Would you copy every line of the listing below that includes the word "significantly"?

** Opening Information block **

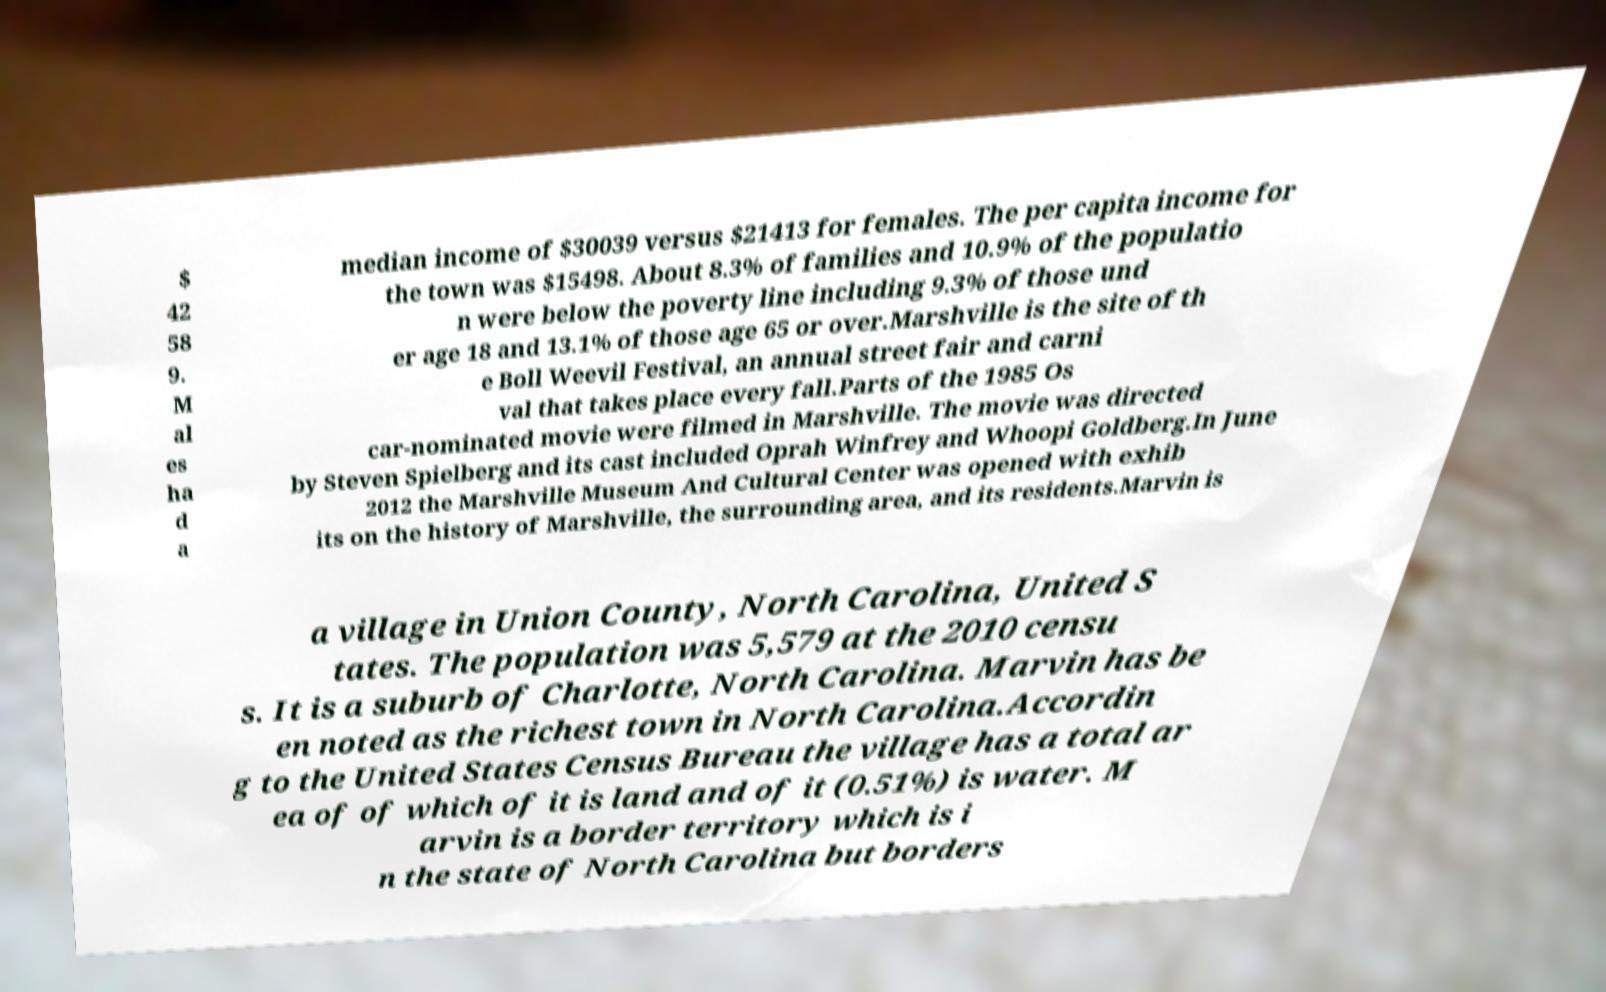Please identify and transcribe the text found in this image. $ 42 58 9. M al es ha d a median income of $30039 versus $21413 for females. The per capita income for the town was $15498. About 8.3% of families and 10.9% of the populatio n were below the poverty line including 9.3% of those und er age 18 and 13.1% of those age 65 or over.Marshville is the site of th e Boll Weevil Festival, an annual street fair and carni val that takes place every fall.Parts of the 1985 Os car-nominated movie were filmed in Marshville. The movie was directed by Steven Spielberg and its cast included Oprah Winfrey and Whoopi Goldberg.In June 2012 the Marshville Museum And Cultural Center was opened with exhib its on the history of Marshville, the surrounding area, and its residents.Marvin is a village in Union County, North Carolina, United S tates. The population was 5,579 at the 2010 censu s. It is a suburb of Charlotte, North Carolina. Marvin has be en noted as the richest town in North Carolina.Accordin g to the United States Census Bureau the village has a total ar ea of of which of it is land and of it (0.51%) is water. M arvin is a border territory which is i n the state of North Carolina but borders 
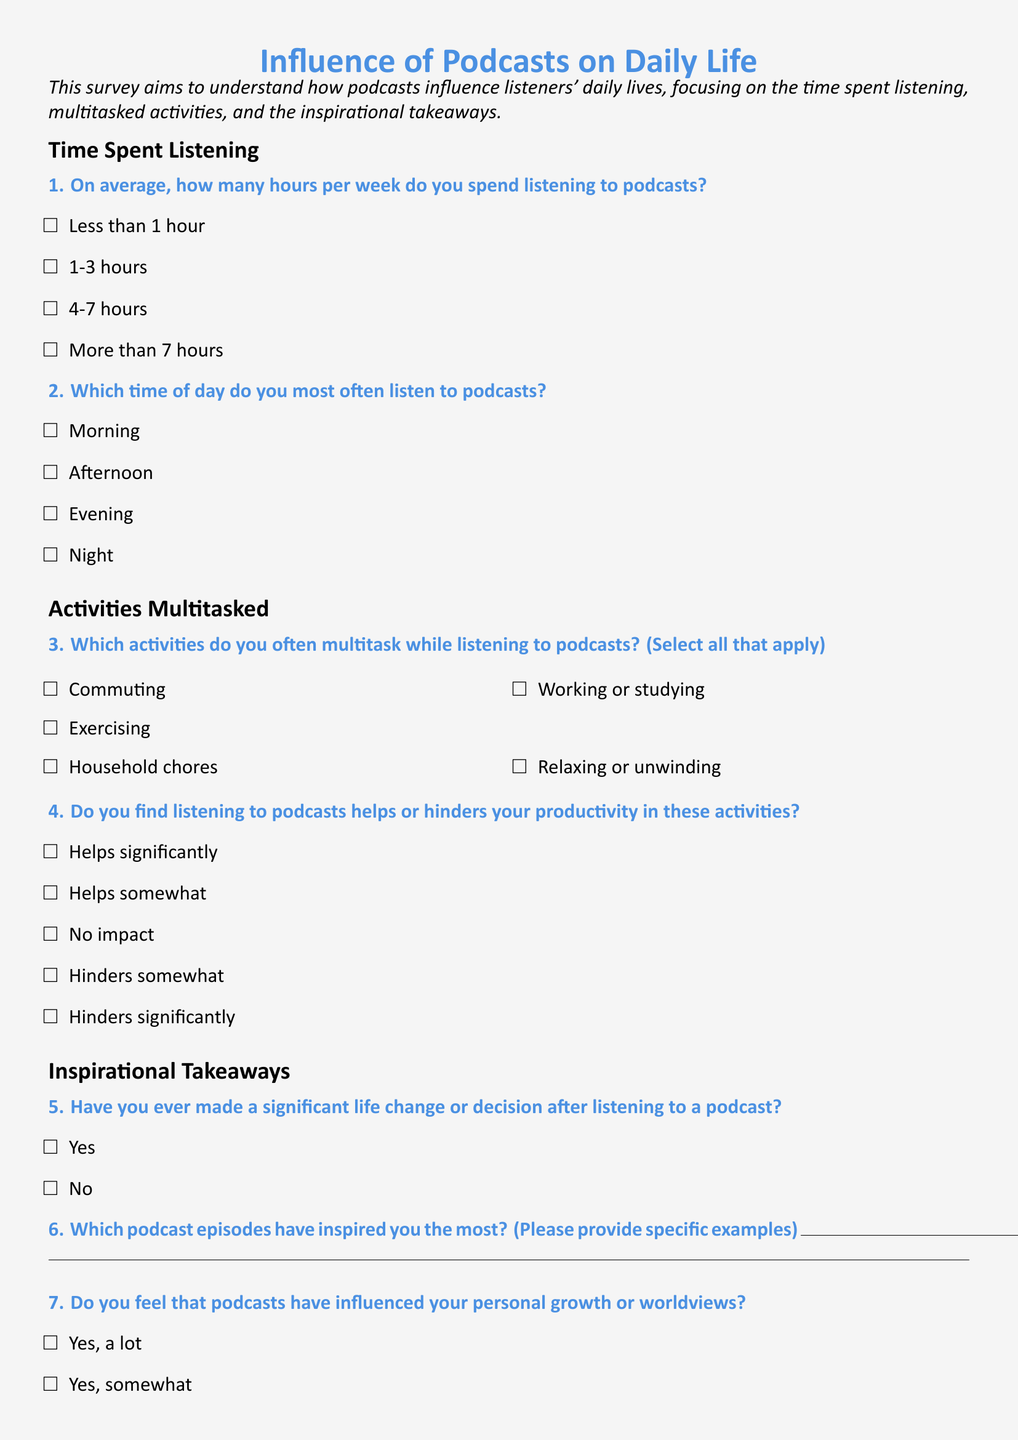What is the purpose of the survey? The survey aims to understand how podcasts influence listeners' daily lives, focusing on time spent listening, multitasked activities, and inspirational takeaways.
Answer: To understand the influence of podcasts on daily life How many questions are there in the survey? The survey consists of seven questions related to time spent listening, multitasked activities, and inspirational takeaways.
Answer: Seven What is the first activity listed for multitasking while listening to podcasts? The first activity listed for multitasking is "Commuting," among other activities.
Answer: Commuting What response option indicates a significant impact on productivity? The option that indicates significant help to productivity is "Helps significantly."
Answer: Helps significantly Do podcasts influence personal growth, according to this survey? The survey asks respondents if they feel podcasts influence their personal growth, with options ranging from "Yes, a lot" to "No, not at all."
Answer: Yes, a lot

** Closing Information block **

- _Exercise result_:
Answer: Commuting What response option indicates a significant impact on productivity? The option that indicates significant help to productivity is "Helps significantly."
Answer: Helps significantly Do podcasts influence personal growth, according to this survey? The survey asks respondents if they feel podcasts influence their personal growth, with options ranging from "Yes, a lot" to "No, not at all."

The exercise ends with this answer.